For many business owners considering a sale of their business, maximizing enterprise value becomes a singular focus and the proverbial finish line. Beyond the finish line, however, is the looming reality of the tax haircut this enhanced wealth may face when it passes to heirs. Additional issues around how the family will meet its objectives with the “new” balance sheet must also be considered.

Let’s Start with Taxes
By transferring a portion of their business interest into structures that will avoid gift or estate tax, sellers may retain a greater percentage of the growth in their family’s wealth.

Three-Stage Framework: Pre-and Post-Sale Planning

Stage 1 – Pre-Sale Structuring: Capture Discounts Without Tax Cost
Creating a discounted interest can enhance tax savings. Discounts are typically available for minority non-voting and non-marketable interests, which can generally be created through a fairly simple recapitalization process. 

Rather than utilizing $10 million of gift and estate tax exemption to pass $10 million of non-discounted interest, it is better to transfer that same interest at a value that is reduced by a valuation discount, often seen at 30 – 35%. If the business is later sold, the discount evaporates and all shares receive the per-share sale price. In this scenario, nearly $14.3 million of post-sale non-discounted business interest has been transferred (assuming a 30% discount), while utilizing only $10 million of the owner’s exemption. This is referred to as “freezing the discount.”

Stage 2 – Pre-Sale Freeze: Lock In Enterprise Value, Increase Outside the Estate
Future appreciation, or the “pop” in value many business owners enjoy as a result of a successful sales process, may also be structured to occur outside of the taxable estate, further enhancing the retention of family wealth.

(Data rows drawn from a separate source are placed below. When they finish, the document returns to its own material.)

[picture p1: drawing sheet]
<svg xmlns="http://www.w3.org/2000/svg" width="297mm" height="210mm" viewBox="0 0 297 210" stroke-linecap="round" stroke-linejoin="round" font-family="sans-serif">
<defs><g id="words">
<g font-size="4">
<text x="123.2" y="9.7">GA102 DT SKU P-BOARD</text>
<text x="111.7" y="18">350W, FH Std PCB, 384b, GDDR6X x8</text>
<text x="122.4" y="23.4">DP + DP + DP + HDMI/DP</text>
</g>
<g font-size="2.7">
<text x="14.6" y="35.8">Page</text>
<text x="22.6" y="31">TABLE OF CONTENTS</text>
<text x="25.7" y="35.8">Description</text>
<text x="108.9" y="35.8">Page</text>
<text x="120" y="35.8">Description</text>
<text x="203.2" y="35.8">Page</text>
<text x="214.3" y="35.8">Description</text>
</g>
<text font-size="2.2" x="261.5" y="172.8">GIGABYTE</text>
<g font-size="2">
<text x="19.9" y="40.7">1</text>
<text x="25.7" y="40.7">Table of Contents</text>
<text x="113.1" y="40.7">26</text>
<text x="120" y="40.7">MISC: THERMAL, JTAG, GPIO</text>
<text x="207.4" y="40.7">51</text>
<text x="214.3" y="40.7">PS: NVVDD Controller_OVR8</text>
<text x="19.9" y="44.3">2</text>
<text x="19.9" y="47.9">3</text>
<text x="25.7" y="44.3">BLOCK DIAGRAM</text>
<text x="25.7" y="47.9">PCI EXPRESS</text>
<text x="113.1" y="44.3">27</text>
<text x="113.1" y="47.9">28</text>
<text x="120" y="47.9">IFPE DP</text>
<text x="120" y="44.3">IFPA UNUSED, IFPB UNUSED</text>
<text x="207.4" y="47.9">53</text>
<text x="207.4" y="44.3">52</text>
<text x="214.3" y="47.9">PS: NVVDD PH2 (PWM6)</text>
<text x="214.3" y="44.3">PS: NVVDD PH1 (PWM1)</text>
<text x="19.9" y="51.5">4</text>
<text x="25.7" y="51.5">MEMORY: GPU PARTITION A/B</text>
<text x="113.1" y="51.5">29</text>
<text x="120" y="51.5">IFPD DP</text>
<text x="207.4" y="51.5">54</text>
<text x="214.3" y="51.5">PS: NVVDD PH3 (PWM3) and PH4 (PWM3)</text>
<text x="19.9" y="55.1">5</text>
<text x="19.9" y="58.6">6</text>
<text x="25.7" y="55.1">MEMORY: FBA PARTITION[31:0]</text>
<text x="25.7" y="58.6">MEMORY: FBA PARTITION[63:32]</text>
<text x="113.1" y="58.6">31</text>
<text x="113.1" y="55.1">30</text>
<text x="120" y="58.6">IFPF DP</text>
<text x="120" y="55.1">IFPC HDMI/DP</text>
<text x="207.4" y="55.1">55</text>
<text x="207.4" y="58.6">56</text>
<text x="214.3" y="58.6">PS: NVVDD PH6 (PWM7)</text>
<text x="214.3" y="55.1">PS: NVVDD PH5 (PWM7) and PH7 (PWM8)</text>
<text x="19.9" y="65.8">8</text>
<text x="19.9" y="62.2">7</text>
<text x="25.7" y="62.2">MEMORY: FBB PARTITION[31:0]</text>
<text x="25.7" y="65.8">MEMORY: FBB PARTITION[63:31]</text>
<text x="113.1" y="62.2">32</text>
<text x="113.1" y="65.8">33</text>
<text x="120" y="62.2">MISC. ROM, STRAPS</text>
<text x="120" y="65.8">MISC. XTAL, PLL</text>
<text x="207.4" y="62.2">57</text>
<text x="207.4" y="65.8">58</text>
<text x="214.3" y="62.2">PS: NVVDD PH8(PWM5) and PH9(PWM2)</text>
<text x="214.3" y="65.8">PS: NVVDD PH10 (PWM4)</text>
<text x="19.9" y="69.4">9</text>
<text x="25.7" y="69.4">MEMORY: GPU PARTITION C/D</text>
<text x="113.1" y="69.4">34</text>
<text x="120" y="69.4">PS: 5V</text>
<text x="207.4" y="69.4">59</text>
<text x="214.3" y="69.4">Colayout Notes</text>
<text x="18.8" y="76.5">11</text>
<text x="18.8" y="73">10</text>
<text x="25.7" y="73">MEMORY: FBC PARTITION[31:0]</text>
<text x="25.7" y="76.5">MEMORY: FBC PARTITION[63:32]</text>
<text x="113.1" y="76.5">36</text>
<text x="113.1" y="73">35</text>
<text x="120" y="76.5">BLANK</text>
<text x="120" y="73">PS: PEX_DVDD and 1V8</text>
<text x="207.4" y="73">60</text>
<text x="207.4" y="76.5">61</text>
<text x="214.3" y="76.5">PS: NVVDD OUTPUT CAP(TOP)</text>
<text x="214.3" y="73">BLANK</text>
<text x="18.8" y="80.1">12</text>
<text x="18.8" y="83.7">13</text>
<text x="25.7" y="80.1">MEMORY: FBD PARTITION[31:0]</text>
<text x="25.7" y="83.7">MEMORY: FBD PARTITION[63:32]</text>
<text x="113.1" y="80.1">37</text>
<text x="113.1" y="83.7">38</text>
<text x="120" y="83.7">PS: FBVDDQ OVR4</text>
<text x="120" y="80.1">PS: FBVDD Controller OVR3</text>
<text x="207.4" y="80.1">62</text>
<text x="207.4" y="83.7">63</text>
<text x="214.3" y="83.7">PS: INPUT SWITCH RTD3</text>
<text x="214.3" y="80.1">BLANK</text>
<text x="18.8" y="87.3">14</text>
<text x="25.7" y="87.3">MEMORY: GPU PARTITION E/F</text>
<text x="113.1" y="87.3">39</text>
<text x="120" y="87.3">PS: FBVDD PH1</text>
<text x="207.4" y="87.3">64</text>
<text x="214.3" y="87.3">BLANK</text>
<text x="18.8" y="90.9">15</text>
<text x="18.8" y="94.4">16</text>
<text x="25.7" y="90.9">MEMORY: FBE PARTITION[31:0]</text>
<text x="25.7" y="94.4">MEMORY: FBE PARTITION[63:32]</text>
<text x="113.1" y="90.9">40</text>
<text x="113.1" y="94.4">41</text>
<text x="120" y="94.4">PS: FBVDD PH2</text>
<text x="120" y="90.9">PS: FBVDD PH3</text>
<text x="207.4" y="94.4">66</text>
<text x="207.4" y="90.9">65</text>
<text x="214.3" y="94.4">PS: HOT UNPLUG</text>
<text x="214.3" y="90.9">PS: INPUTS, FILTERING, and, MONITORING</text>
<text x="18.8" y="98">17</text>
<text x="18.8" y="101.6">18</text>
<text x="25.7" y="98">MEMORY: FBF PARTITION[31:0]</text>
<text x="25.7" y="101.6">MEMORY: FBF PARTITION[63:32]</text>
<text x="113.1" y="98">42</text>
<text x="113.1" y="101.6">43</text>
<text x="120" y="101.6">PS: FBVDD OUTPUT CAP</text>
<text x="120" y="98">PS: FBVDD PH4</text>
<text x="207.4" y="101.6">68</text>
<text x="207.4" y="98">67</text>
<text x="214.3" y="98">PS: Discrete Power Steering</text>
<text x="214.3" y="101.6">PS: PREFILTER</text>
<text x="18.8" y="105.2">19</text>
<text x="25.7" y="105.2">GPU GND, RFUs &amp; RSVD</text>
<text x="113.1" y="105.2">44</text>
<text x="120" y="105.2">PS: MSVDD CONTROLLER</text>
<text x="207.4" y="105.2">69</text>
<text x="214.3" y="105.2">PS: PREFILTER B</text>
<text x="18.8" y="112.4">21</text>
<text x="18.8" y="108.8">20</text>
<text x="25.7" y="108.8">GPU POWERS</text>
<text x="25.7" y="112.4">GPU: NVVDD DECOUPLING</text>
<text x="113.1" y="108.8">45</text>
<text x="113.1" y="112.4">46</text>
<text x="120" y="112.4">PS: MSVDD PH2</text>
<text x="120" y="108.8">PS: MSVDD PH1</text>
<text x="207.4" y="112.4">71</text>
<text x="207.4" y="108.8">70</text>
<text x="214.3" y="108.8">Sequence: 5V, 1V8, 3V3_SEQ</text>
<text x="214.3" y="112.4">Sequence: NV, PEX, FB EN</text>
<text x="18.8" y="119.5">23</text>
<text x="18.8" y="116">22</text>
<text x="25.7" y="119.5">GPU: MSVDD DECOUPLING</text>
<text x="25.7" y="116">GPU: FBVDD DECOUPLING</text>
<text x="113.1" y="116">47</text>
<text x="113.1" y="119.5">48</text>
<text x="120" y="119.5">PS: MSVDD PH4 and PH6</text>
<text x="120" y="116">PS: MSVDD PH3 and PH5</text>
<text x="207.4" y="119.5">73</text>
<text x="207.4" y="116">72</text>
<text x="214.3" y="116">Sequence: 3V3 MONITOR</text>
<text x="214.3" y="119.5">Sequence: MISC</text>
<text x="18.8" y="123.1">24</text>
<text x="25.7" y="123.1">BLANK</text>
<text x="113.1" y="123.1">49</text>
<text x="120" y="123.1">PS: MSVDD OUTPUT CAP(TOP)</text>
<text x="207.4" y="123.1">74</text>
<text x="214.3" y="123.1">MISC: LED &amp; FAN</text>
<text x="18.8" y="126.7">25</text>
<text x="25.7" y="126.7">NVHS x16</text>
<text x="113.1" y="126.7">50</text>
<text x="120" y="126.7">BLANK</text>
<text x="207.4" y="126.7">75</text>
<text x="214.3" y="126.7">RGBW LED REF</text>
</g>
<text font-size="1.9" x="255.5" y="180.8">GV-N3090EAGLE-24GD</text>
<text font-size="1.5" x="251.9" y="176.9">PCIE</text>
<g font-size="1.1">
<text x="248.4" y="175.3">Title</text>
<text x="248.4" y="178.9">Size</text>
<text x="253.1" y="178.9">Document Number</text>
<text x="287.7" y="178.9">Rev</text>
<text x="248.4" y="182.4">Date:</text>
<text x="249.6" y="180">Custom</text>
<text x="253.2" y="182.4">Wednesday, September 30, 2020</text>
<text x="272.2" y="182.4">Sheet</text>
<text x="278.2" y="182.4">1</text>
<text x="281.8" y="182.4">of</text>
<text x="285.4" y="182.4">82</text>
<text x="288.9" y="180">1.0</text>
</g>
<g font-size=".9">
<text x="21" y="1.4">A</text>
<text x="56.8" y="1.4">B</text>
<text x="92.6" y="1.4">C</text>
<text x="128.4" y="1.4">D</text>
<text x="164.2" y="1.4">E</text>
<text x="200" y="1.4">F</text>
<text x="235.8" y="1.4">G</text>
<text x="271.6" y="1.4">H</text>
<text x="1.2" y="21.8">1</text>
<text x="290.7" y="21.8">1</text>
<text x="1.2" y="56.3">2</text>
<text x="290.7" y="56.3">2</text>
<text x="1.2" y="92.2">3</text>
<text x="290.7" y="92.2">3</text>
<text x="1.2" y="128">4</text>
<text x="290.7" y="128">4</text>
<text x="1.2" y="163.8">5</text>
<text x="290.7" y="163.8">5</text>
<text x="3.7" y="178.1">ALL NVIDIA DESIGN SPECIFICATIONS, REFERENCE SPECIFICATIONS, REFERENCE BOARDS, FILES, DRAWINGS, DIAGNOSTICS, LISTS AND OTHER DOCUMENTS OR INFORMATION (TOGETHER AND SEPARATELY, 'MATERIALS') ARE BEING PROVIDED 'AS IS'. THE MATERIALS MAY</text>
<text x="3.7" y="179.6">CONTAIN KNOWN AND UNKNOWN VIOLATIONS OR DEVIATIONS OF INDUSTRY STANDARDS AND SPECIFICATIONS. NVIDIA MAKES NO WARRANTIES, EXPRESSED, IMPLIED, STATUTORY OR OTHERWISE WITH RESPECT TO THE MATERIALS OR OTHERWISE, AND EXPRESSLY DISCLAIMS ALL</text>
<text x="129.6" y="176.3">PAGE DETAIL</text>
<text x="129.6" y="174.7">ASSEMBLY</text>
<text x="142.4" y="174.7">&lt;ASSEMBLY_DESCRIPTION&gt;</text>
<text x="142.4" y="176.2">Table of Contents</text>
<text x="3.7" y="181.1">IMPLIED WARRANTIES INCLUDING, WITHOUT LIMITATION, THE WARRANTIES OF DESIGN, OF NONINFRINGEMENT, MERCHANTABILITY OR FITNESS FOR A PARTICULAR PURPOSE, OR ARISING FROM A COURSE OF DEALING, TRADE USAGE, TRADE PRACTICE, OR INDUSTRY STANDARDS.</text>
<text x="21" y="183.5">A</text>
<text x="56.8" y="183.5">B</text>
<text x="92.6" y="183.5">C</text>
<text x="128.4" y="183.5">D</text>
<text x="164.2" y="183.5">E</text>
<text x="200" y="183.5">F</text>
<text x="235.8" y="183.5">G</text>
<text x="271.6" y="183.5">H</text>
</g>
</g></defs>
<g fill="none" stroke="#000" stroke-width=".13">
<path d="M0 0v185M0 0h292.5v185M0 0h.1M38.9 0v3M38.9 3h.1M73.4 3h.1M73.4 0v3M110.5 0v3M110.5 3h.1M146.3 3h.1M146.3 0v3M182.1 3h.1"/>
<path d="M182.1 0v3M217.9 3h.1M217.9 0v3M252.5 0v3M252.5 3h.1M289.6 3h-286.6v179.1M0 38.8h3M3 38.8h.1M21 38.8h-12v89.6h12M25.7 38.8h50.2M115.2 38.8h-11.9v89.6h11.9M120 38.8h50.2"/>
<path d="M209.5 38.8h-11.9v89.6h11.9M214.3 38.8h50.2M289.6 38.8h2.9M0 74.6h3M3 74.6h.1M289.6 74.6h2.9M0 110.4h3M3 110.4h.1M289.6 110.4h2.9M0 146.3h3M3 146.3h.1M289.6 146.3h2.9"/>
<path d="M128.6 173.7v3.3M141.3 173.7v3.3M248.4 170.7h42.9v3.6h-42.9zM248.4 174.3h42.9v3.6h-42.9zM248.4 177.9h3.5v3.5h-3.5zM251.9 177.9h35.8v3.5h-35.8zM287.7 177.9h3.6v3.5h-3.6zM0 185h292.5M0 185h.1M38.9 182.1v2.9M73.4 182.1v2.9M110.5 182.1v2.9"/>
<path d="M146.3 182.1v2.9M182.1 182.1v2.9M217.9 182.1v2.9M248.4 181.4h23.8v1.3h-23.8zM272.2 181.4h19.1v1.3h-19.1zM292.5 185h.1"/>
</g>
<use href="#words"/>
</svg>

Stage 3 – Post-Sale Planning: Prevent Estate Tax on Future Appreciation
After the liquidity event, this newly monetized wealth can remain in tax advantaged vehicles that may continue to protect subsequent growth from estate taxation. Over the future years of wealth accumulation, the potential tax savings can be considerable.

Financial Life After the Business is Monetized
How will the family meet its objectives with the new balance sheet? With the liquidation of what is typically the primary asset of a business owner’s family, the necessity to manage objectives, income and risk becomes paramount. Many families are challenged to successfully navigate the change and sustain wealth across generations. To be prepared, careful financial modeling and testing is needed. The following basic elements of a plan should be considered well in advance of the sale of the business:

    • Define objectives with realistic values and growth expectations taken into consideration.
    • Determine the appropriate size of a safety net for the family.
    • Design a strategy to support and continue the family’s lifestyle.
    • Identify aspirational objectives and generational intentions.  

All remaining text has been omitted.